An enzyme-linked immunosorbent assay (ELISA) was used to determine NLRP3 inflammasome levels. Blood samples were collected in tubes containing ethylenediaminetetraacetic . After collecting the blood samples, they were immediately centrifuged at 1000 rpm for 15 min and stored at −80 °C. When all the samples were collected, they were thawed for ELISA. The plasma NLRP3 inflammasome level was determined strictly following the manufacturer’s instructions (Ml560903-2; Mlbio, China).

TRS-2P

The original version conferred 1 point for each of nine cardiovascular risk factors: heart failure, hypertension, age ≥ 75 years, diabetes mellitus, prior stroke, prior coronary artery bypass graft surgery, peripheral vascular disease, estimated glomerular filtration rate < 60 mL·min1·1.73 m2, and current smoking. To stratify risk in ACS patients, the score was adapted to include prior MI as a risk factor to obtain a maximum 10-point score.22 The patients were divided into three groups: low (scores ≤ 2 points), intermediate (scores = 3 points), and high (scores ≥ 4 points) risk.

Statistical Analysis

SPSS software (version 26.0; SPSS NY., USA) was used for the statistical analysis. The Shapiro–Wilk test was used to test whether the data were normally distributed. Non-normal distribution data were expressed as median (interquartile range), which were compared using the Mann–Whitney U-test in two groups. Non-normal distribution data among the three groups were tested using the Kruskal–Wallis H-test. Categorical variables were expressed as frequencies (percentages) and compared using the chi-square test. Pearson’s or Spearman correlation was used to compare the correlation between the NLRP3 inflammasome and other indices. Logistic regression analysis was performed to determine whether NLRP3 inflammasome was an independent predictor of high TRS-2P levels. In the univariate analysis, variables with an unadjusted P-value < 0.05 stepped in the multifactor logistic regression model. To evaluate the fit of the multifactor logistic regression model, Omnibus and Hosmer-Lemeshow tests were performed. The receiver operating characteristic (ROC) curve was used to further explore the applicability of the plasma NLRP3 inflammasome in predicting high TRS-2P. Each test was two-sided, and P-values < 0.05 were considered statistically significant.

Results

Patient Characteristics

This study included 297 patients (94 with UA, 94 with NSTEMI, and 109 with STEMI). The baseline patient characteristics are presented in Table 1. The three groups were significantly different in sex, smoking status, hypertension, previous medication history, NLRP3 inflammasome, WBC, and CRP, D-dimer, cTnI, BNP levels, and LVEF (P < 0.05).

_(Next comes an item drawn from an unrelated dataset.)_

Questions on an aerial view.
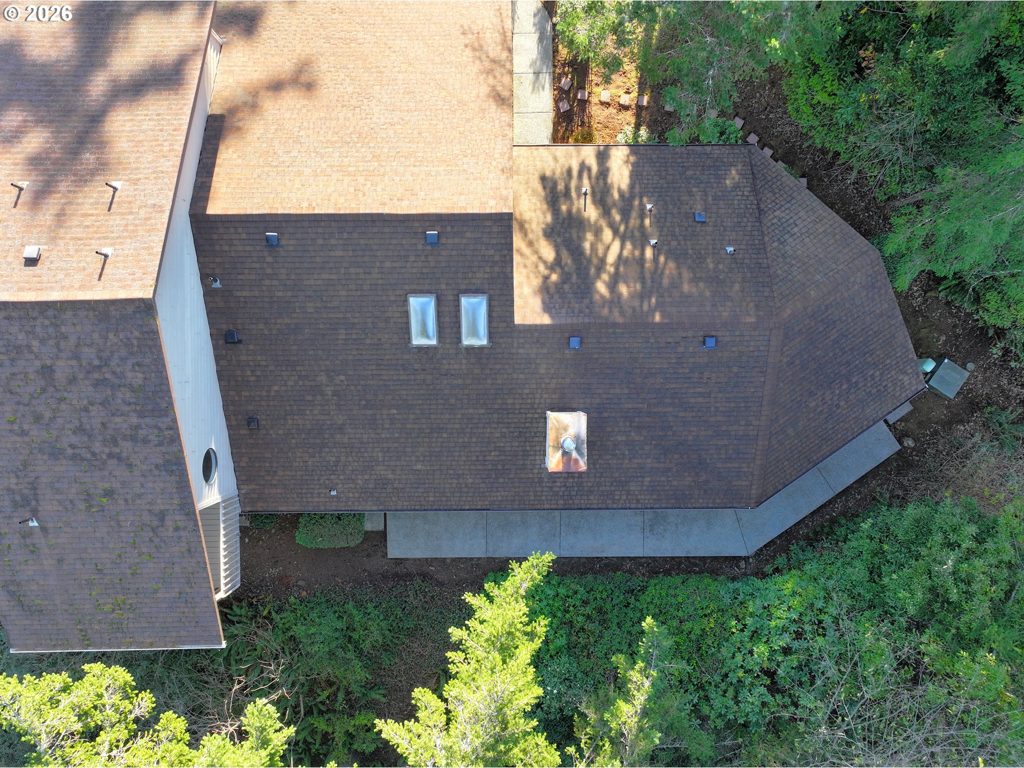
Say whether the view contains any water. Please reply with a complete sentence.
No, there is no water in the image.
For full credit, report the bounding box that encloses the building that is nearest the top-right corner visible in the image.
[190,0,931,516]

Table 1 The Baseline Characteristics of the Patients

In the subgroup analysis, all patients were divided into two groups according to NLRP3 inflammasome levels: the low (NLRP3 levels < 3.84 ng/mL) and high (NLRP3 level ≥3.84 ng/mL) groups. In the high NLRP3 inflammasome group, patients were older, with high WBC, CRP, D-dimer, cTnI, BNP, and Cr levels, and low LVEF levels (Table 2). Furthermore, we divided the patients into three subgroups according to TRS-2P (Table 3). As the risk increased, the percentage of patients who were smokers, had hypertension and had T2DM increased. Age, NLRP3 inflammasome levels, WBC count and D-dimer, cTnI, and BNP levels increased with increasing scores. However, the LVEF decreased in the high-risk group.

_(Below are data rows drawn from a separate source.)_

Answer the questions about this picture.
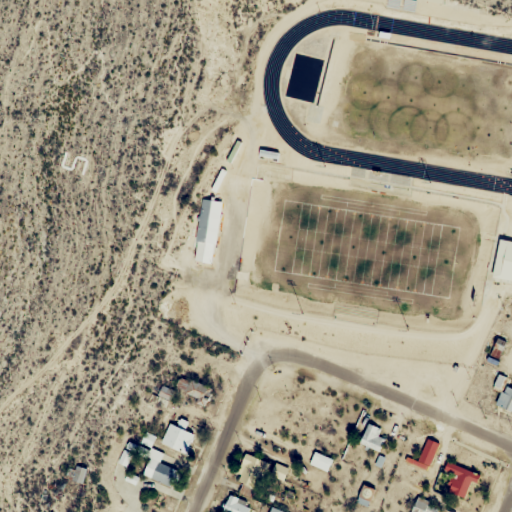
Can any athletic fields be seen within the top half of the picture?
Yes
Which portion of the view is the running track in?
top right
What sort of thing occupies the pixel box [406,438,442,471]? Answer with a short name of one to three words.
house
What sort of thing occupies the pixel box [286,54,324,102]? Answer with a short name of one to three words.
sports court
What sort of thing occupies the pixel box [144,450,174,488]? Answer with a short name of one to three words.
house
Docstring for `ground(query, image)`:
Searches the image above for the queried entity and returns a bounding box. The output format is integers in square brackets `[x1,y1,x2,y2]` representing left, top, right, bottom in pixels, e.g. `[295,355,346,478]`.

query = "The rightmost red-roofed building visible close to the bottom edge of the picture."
[446,464,480,499]
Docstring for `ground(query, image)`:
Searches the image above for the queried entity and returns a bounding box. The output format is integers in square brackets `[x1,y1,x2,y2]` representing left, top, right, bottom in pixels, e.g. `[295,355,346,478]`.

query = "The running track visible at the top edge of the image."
[264,10,512,194]
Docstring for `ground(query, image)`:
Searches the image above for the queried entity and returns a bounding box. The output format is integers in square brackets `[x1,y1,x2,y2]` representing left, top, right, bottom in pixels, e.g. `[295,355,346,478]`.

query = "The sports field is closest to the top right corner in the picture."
[280,27,512,178]
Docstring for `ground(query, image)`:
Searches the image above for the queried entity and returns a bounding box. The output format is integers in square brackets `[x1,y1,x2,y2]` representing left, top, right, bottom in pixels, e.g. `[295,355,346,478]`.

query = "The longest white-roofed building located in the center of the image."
[194,200,222,264]
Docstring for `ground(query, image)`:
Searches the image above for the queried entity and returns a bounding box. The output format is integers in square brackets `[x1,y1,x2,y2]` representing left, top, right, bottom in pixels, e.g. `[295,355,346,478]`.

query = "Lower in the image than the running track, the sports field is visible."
[249,181,484,322]

Table 2 Basic Characteristics of Patients by NLRP3 Levels

Table 3 Patients Stratified by “TRS-2P”

Correlation Analysis Between NLRP3 Inflammasome and Other Indicators

NLRP3 inflammasome levels were positively correlated with age (r =0.165, P =0.004), WBC (r = 0.192, P = 0.001), CRP (r = 0.220, P < 0.001), D-dimer (r = 0.219, P < 0.001), cTnI (r = 0.200, P = 0.001), BNP (r = 0.324, P < 0.001), and Cr (r = 0.135, P =0.020) and inversely correlated with LVEF (r = −0.245, P < 0.001) (Table 4).

Table 4 Correlation Analysis Between NLRP3 and Laboratory Indicators

Multivariate Logistic Regression Model for Predicting High TRS-2P

Logistic regression analysis was performed to analyze the value of the NLRP3 inflammasome as a potential biomarker for the prediction of high TRS-2P. The results revealed that NLRP3 inflammasome (odds ratio [OR]: 2.013; 95% confidence interval [CI]: 1.174–3.452) and WBC (OR:1.107; 95% CI:1.020–1.202) were independent predictors of high TRS-2P (Table 5). The omnibus test showed that the overall model is meaningful (P < 0.001; Table 6). The Hosmer-Lemeshow test indicated that the model has a good fit. (Chi-square:10.933; P > 0.05; Table 6).

Table 5 Logistic Regression Analysis of Predictors of High Risk in ACS Patients

Table 6 Omnibus and Hosmer-Lemeshow Tests

Performance of NLRP3 Inflammasome in the Prediction of High TRS-2P

ROC analysis was conducted to test the performance of the NLRP3 inflammasome in predicting high TRS-2P levels (Figure 2). The area under the curve value of the NLRP3 inflammasome was 0.674 (95% CI: 0.611–0.737; P < 0.001). The cutoff was 3.51 ng/mL, and the sensitivity and specificity were 75.7% and 70.6%, respectively.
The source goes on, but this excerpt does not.